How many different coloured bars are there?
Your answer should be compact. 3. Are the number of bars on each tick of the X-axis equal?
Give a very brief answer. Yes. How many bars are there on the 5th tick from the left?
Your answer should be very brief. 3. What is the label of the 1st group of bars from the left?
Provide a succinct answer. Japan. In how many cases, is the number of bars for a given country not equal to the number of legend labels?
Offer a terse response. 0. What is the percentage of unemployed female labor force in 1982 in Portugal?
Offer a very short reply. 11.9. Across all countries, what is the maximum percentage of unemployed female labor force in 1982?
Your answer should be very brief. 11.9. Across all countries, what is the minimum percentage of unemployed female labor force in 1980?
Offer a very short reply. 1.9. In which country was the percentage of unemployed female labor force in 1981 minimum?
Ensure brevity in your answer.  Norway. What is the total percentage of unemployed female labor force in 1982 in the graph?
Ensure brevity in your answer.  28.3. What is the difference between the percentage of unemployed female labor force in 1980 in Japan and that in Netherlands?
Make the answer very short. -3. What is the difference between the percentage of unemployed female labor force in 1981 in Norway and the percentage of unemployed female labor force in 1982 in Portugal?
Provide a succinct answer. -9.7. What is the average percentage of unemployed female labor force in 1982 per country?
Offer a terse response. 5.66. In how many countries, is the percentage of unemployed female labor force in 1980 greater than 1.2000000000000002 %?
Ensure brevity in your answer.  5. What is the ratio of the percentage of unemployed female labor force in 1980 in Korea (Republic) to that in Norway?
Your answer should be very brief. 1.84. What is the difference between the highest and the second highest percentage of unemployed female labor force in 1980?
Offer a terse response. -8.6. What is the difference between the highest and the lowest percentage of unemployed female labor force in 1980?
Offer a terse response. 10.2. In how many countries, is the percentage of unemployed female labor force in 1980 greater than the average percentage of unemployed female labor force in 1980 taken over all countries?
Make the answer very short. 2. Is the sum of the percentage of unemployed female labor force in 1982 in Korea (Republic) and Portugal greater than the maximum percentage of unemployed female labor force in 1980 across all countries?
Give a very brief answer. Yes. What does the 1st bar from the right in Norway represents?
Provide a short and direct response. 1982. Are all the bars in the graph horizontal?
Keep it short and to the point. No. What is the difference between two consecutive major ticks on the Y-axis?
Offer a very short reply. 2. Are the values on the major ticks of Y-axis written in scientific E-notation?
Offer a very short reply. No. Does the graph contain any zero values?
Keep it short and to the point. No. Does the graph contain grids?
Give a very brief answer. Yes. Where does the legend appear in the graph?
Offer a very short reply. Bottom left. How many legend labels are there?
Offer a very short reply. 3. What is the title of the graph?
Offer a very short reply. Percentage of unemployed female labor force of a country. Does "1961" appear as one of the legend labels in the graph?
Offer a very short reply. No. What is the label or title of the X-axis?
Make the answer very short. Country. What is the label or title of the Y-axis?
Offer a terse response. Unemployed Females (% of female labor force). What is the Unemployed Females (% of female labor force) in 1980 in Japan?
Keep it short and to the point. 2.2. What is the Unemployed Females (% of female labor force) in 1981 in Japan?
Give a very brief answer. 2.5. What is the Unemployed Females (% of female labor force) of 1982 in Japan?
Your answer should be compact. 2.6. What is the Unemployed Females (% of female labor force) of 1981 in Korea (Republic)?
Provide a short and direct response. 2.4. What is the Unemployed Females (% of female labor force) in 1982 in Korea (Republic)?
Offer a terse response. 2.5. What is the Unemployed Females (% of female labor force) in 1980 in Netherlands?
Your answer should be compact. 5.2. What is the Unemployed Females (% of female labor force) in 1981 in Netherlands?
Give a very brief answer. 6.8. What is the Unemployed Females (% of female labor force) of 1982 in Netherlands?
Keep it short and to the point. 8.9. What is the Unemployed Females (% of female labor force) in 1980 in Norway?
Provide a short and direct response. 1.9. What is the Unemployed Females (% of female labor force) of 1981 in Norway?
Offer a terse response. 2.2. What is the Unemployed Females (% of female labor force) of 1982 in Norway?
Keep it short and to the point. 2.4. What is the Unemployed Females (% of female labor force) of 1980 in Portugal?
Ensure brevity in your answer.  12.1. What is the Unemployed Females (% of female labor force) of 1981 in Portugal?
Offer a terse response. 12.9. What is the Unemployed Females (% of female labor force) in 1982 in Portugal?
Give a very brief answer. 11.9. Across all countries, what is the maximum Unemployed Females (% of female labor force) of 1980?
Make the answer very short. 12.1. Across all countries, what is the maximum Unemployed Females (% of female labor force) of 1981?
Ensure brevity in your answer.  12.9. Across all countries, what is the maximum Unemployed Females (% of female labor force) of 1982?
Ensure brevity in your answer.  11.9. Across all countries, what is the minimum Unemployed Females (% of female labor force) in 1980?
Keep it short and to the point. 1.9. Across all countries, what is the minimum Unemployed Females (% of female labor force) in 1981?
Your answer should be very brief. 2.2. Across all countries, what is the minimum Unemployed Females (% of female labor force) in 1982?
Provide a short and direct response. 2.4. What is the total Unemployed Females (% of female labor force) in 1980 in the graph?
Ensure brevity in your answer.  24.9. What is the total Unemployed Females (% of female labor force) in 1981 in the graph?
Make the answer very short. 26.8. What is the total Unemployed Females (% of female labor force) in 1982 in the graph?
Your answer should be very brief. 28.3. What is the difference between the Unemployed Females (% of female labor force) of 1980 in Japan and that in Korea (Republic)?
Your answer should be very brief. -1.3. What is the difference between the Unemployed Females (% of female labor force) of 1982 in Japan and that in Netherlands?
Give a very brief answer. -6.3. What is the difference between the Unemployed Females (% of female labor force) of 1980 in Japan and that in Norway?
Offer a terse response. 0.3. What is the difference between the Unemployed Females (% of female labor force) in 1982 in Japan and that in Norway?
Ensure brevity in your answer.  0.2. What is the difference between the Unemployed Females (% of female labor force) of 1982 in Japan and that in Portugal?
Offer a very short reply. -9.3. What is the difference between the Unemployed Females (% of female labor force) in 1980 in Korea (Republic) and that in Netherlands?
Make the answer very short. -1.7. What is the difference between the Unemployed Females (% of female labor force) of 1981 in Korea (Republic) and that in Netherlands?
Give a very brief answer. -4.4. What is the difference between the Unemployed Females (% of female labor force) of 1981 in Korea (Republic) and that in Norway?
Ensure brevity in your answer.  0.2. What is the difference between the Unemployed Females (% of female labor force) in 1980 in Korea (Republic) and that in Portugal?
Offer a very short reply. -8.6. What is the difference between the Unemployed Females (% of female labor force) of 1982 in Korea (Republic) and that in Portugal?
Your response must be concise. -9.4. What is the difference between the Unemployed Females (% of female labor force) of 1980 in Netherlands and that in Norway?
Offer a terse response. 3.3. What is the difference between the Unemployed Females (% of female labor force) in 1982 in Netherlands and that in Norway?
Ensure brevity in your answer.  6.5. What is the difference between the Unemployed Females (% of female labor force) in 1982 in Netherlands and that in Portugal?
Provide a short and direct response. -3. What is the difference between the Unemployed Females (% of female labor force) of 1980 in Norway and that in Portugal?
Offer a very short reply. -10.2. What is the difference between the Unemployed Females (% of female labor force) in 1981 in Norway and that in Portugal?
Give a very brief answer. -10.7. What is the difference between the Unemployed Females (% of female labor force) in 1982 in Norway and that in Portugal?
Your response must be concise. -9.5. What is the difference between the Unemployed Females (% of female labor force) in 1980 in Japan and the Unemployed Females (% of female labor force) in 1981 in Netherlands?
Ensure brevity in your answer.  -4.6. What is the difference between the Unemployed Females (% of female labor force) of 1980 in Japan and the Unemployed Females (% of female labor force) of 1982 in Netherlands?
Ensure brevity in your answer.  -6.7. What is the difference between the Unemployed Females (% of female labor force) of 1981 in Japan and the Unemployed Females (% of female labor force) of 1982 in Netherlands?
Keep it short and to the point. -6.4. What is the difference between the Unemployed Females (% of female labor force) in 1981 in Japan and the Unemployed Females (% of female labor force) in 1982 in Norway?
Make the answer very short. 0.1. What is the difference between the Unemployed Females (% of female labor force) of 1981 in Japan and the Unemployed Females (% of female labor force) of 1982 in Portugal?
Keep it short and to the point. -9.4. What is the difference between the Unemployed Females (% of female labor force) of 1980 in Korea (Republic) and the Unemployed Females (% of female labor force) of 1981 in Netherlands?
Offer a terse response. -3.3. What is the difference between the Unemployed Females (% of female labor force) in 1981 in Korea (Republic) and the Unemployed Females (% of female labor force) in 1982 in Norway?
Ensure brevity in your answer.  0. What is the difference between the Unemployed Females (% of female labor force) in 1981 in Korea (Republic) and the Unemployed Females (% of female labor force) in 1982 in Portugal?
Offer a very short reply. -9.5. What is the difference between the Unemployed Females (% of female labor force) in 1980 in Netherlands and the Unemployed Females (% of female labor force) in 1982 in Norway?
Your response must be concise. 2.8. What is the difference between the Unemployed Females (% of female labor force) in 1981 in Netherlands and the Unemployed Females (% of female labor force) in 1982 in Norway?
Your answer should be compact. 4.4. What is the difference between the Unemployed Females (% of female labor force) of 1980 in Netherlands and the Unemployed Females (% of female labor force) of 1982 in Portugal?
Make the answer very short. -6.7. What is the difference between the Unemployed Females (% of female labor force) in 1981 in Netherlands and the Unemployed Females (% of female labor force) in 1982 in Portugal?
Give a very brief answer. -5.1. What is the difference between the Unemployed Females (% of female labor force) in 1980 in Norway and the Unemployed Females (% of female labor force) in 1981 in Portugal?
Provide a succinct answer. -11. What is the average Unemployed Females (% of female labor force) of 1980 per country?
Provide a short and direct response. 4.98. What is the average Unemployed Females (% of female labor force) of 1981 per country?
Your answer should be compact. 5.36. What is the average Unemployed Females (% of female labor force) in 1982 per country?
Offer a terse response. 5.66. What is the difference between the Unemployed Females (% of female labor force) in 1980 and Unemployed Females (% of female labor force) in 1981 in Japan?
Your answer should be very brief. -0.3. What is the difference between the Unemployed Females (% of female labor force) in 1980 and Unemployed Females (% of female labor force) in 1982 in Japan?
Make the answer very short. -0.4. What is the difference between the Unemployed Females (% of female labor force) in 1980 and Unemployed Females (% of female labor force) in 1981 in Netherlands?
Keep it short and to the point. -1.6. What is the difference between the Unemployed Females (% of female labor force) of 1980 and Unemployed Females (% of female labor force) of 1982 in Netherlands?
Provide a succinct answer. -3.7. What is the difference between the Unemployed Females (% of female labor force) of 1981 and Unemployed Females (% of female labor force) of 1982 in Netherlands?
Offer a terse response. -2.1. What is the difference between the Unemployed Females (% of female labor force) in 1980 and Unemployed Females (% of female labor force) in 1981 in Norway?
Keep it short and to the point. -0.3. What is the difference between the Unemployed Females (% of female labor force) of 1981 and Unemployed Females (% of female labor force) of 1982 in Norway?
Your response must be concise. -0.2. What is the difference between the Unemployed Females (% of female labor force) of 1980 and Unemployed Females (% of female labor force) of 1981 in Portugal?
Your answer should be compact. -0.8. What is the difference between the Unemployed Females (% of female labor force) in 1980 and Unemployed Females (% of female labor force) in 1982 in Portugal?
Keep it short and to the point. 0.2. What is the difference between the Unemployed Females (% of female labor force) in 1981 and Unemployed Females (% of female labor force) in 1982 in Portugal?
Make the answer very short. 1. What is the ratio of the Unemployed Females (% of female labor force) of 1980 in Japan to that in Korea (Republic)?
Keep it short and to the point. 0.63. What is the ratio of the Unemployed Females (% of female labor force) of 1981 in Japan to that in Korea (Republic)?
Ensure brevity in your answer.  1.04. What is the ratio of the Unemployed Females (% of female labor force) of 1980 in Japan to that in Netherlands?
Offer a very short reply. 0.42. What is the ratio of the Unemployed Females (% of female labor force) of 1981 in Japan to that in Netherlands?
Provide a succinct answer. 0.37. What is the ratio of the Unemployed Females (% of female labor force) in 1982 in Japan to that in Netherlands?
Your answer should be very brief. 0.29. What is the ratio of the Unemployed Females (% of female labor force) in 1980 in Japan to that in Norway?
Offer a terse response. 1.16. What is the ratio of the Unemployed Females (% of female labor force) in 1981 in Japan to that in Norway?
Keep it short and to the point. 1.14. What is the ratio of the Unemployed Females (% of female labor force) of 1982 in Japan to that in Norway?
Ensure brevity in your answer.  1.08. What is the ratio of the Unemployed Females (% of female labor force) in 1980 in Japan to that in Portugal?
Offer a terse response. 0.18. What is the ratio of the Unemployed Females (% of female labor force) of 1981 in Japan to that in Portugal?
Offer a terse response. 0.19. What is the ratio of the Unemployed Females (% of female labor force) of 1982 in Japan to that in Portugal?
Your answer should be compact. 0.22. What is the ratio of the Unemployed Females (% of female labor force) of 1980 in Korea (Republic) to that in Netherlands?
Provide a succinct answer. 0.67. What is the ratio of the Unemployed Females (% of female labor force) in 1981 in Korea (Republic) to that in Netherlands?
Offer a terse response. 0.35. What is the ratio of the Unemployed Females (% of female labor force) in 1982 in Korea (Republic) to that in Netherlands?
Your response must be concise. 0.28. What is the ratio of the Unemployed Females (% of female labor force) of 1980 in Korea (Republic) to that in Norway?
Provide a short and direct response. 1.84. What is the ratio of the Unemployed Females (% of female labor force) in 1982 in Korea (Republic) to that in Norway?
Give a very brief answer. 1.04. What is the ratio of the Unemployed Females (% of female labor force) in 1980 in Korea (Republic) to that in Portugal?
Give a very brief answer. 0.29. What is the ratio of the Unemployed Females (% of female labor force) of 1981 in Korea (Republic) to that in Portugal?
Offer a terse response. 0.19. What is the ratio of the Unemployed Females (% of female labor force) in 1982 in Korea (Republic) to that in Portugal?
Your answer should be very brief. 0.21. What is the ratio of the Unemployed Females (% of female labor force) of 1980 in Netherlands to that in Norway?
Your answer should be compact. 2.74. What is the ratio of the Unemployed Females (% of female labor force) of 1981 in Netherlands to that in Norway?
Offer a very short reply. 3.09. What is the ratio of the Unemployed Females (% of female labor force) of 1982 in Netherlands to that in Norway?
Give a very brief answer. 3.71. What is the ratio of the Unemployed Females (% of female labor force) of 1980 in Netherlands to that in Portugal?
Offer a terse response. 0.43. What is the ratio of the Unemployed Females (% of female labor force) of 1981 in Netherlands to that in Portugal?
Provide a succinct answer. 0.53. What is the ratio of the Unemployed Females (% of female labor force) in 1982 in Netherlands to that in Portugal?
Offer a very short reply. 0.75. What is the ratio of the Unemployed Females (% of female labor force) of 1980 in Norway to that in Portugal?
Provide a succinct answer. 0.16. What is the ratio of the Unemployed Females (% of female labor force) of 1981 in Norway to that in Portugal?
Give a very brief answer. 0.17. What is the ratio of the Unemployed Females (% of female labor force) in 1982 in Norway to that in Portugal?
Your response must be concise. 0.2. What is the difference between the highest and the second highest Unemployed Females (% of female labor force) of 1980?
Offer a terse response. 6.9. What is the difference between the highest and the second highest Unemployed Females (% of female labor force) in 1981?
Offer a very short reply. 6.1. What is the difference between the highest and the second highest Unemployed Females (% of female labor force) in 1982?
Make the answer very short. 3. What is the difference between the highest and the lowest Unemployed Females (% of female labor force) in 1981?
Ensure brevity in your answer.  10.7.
========
WHAT TO PRODUCE - Set down exactly the lines of the data above, beginning with the line that has "force) of 1982?" and ending with the line that has "Give a very brief answer. -4.4.", and no others.

EXERCISE RESULT -
Ensure brevity in your answer.  12.9. Across all countries, what is the maximum Unemployed Females (% of female labor force) of 1982?
Ensure brevity in your answer.  11.9. Across all countries, what is the minimum Unemployed Females (% of female labor force) in 1980?
Keep it short and to the point. 1.9. Across all countries, what is the minimum Unemployed Females (% of female labor force) in 1981?
Your answer should be very brief. 2.2. Across all countries, what is the minimum Unemployed Females (% of female labor force) in 1982?
Provide a short and direct response. 2.4. What is the total Unemployed Females (% of female labor force) in 1980 in the graph?
Ensure brevity in your answer.  24.9. What is the total Unemployed Females (% of female labor force) in 1981 in the graph?
Make the answer very short. 26.8. What is the total Unemployed Females (% of female labor force) in 1982 in the graph?
Your answer should be very brief. 28.3. What is the difference between the Unemployed Females (% of female labor force) of 1980 in Japan and that in Korea (Republic)?
Your answer should be very brief. -1.3. What is the difference between the Unemployed Females (% of female labor force) of 1982 in Japan and that in Netherlands?
Give a very brief answer. -6.3. What is the difference between the Unemployed Females (% of female labor force) of 1980 in Japan and that in Norway?
Offer a terse response. 0.3. What is the difference between the Unemployed Females (% of female labor force) in 1982 in Japan and that in Norway?
Ensure brevity in your answer.  0.2. What is the difference between the Unemployed Females (% of female labor force) of 1982 in Japan and that in Portugal?
Offer a very short reply. -9.3. What is the difference between the Unemployed Females (% of female labor force) in 1980 in Korea (Republic) and that in Netherlands?
Make the answer very short. -1.7. What is the difference between the Unemployed Females (% of female labor force) of 1981 in Korea (Republic) and that in Netherlands?
Give a very brief answer. -4.4. What is the difference between the Unemployed Females (% of female labor force) of 1981 in Korea (Republic) and that in Norway?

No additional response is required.